The input
• • • • •
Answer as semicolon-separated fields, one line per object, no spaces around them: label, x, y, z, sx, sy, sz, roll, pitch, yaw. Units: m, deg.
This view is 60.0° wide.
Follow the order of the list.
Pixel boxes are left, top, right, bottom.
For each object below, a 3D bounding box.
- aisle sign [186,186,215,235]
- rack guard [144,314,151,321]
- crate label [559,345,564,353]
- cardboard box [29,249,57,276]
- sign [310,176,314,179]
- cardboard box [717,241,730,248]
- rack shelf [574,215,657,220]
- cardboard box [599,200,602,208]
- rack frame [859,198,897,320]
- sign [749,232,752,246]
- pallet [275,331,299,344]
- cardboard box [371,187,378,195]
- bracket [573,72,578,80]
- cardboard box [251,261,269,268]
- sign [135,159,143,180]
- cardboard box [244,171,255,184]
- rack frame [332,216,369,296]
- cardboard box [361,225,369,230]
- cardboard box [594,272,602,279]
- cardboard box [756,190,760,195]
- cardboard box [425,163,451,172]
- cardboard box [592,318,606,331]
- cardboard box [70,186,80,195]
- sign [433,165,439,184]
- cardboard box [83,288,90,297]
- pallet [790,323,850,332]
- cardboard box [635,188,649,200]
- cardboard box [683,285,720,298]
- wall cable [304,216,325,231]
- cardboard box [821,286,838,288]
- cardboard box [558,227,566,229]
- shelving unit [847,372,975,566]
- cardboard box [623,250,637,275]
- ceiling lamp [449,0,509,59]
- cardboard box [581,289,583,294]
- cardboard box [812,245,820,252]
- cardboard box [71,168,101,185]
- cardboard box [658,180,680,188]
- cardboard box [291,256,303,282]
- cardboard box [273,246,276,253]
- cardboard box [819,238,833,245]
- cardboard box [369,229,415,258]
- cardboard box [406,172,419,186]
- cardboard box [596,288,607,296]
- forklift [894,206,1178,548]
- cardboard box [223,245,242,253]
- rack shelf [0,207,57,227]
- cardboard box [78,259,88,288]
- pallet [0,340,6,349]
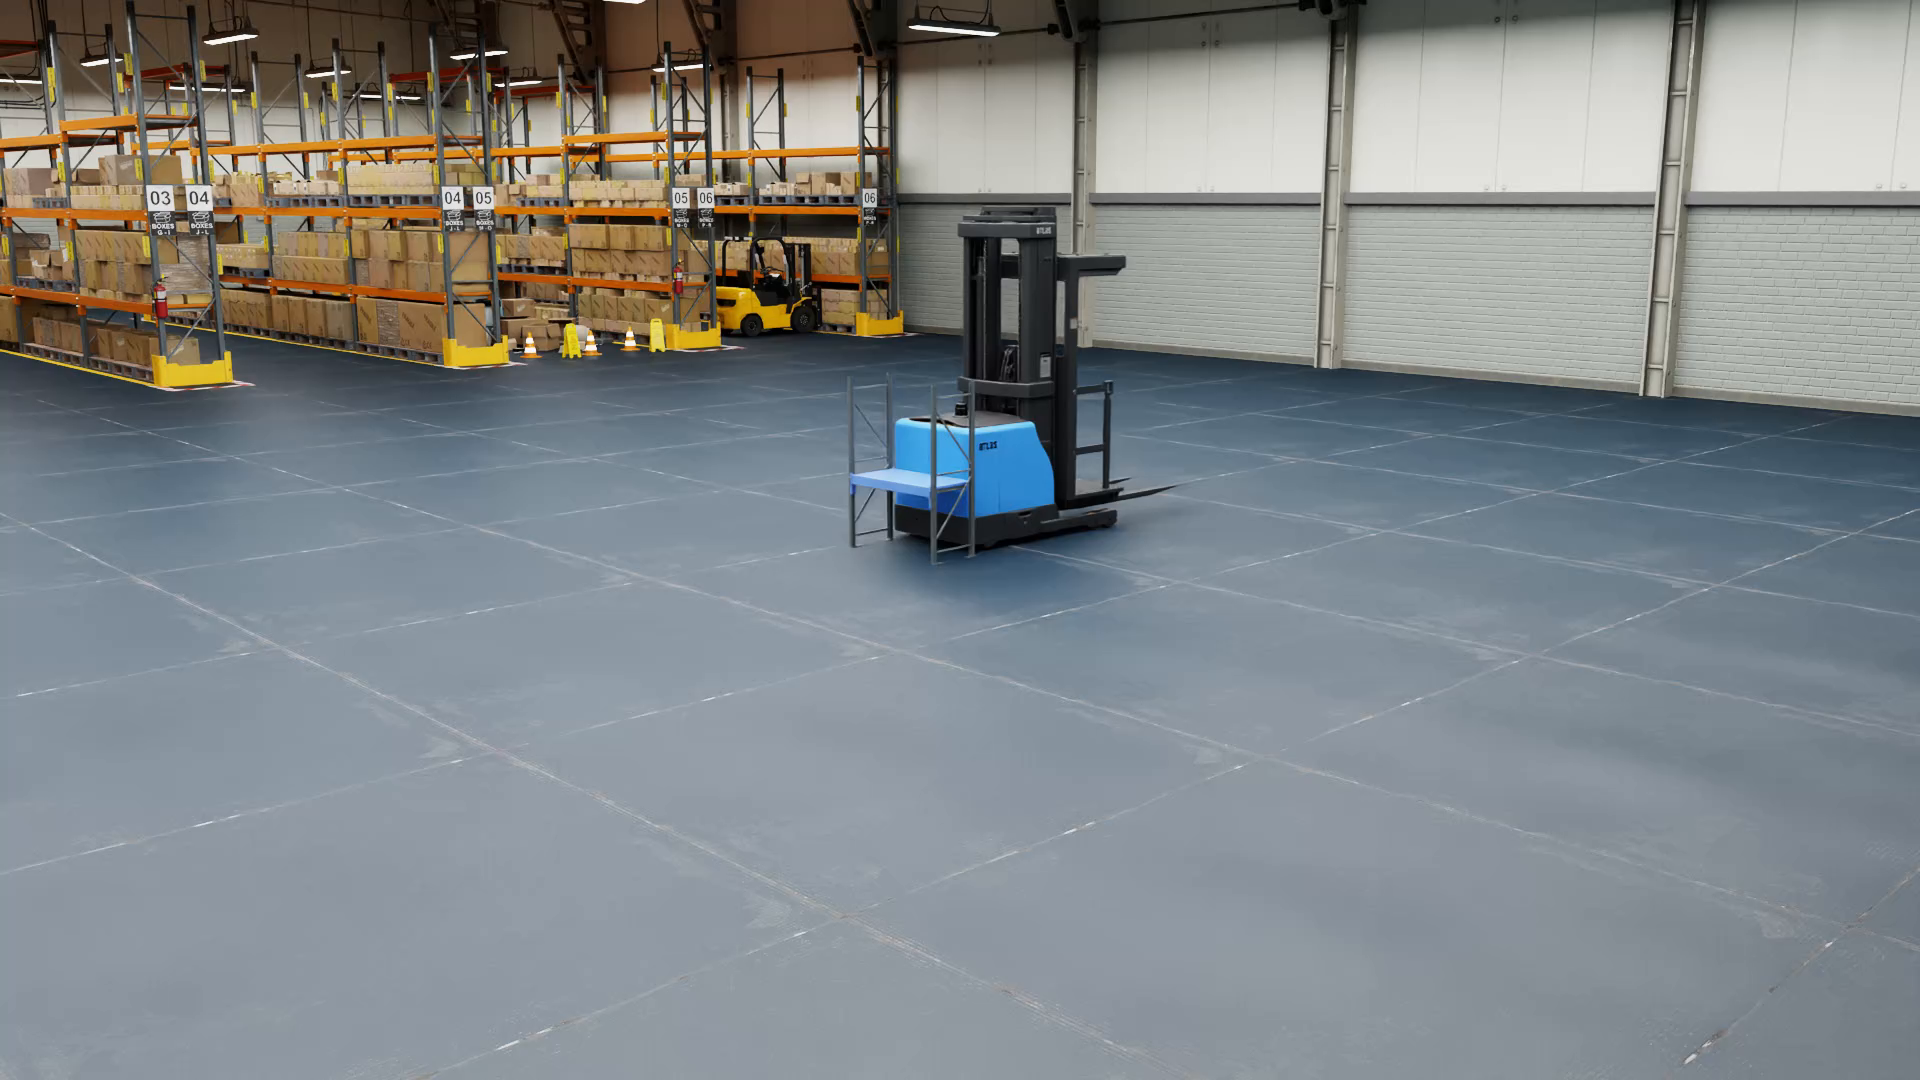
• • • • •
Task item
Which lines above run from the one containing "- cardboard box [29,249,57,276]" to the one containing "- cardboard box [594,272,602,279]"? Give them again exactly, both ends included.

Output of the task
- cardboard box [29,249,57,276]
- sign [310,176,314,179]
- cardboard box [717,241,730,248]
- rack shelf [574,215,657,220]
- cardboard box [599,200,602,208]
- rack frame [859,198,897,320]
- sign [749,232,752,246]
- pallet [275,331,299,344]
- cardboard box [371,187,378,195]
- bracket [573,72,578,80]
- cardboard box [251,261,269,268]
- sign [135,159,143,180]
- cardboard box [244,171,255,184]
- rack frame [332,216,369,296]
- cardboard box [361,225,369,230]
- cardboard box [594,272,602,279]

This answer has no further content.